Remarkable County Court possession action – 56 possession orders, 9 parties, for the price of one issue fee
Joe Ollech, instructed by Rudi Ramdarshan at Ronald Fletcher Baker LLP, acted for six landlords in a remarkable case that will go unreported as in effect it simply led to a series of forfeiture possession orders. It deserves, however, to be of great interest to practitioners and large-scale landlords as it is in fact an imaginative triumph of making the CPR work in favour of efficiency and massive time and cost saving.
The background facts were these. Six claimants (all companies) were part of a group structure. Each of them owned a number of properties – 56 in all, between them – across 15 different London boroughs. At all material times they were represented in their property dealings by a single managing agency. The four defendants (three companies, one individual) were also connected, via the individual. The three companies were his vehicles for renting properties, and his business was sub-letting these properties to local authorities for emergency accommodation.
There were thus 56 separate leases, each with a single landlord and a single tenant, save that with these background features there were substantial commonalities of fact. It was therefore possible to identify and group various properties – e.g. properties a, b and c were let by C1 to D2, and properties d, e, and f were let by C4 to D1 etc.
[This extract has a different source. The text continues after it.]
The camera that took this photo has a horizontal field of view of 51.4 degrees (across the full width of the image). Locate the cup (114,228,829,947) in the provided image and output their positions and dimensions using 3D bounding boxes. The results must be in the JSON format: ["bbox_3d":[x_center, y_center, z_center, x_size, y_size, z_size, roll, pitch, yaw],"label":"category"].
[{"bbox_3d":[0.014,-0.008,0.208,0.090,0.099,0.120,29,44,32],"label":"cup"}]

Every single defendant fell into arrears on every single property. Each landlord was entitled to forfeit each lease. The starting point would ordinarily be that this would give rise to 56 separate possession actions, each in their appropriate county court, and each giving rise to its own possibility of defence and applications for relief etc. This, whilst strictly speaking correct, would obviously give rise to a large cost burden in court fees alone, plus the added costs of each separate pieces of litigation. An alternative strategy could have been to issue one claim per landlord, with several properties dealt with under one claim, or perhaps to identify properties that were each situated in the area of a given County Court and try to group them together in that fashion. Ronald Fletcher Baker LLP, advised by Joe Ollech, however, adopted an even bolder strategy.
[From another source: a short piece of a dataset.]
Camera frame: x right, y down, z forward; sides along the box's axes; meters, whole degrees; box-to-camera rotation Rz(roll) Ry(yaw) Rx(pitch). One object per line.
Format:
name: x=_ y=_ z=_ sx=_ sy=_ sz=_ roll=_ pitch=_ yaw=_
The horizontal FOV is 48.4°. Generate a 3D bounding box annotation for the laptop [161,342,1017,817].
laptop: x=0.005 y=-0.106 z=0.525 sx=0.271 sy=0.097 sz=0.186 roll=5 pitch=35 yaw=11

One single claim form was issued in the Central London County Court, with six claimants and four defendants specified. That meant one issue fee. An enormous amount of behind the scenes work by Ronald Fletcher Baker LLP went into preparing a watertight spreadsheet that identified every single property and lease, the parties to each lease, and the arrears outstanding. The Particulars of Claim then presented all these claims under one rubric, seeking a possession order and money judgment in each. It was averred that under Rule 7.3 and 19.1 of the CPR this was a legitimate presentation of the multiple claims. They provide that “A claimant may use a single claim form to start all claims which can be conveniently disposed of in the same proceedings” and “Any number of claimants or defendants may be joined as parties to the claim”.
On issuing the claim the court was asked to allow substantially more time for the first return hearing, in the hope that the court would be prepared to consider the merits of each claim and make all the appropriate orders. Likewise, careful and detailed work was done to update the evidence of arrears, and to draft an appropriate single order, under one claim number, that would award possession and money judgment of the multiple parties to each claimant severally.
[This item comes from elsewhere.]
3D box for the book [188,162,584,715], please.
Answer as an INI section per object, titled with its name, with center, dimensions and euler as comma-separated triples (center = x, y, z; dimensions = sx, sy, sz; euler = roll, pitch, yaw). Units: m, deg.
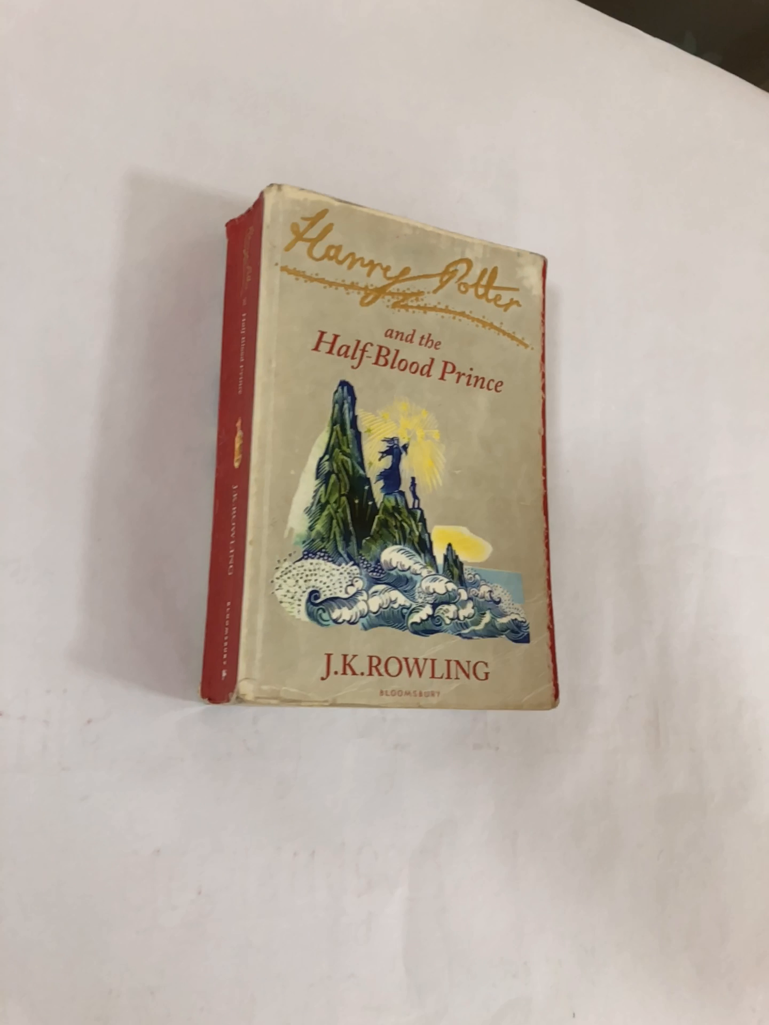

This innovative approach paid off. Despite representation on the defendants’ behalves the District Judge accepted the sense and force of the claimants’ position. There being no defence to the underlying claims for possession, the court made multiple orders for possession and money judgment in one claim, and at the first return hearing. For the price of one issue fee six landlords were able to take back control of 56 properties and were awarded judgment for sums totalling in excess of £750,000 across the portfolio. They were also awarded costs (subject to detailed assessment), which whilst high for what the court would ordinarily see on a 55.8 hearing, were nothing like what the costs would have been 56 separate actions given the pooled resources and economies of scale.
This case deserves attention, as it is a remarkable example of what can be achieved within the scope of the rules. Of course, the facts have to be right, and it is not every landlord of multiple properties who might be able to bandwagon cases together in this way, but it may often be worth considering what might be possible. It also needs to be stressed that thorough preparation and ferocious attention to detail in the marshalling and presentation of the evidence, which called for close co-operation and teamwork between counsel and instructing solicitor, was crucial in giving the court a very clear understanding of it was being asked to do.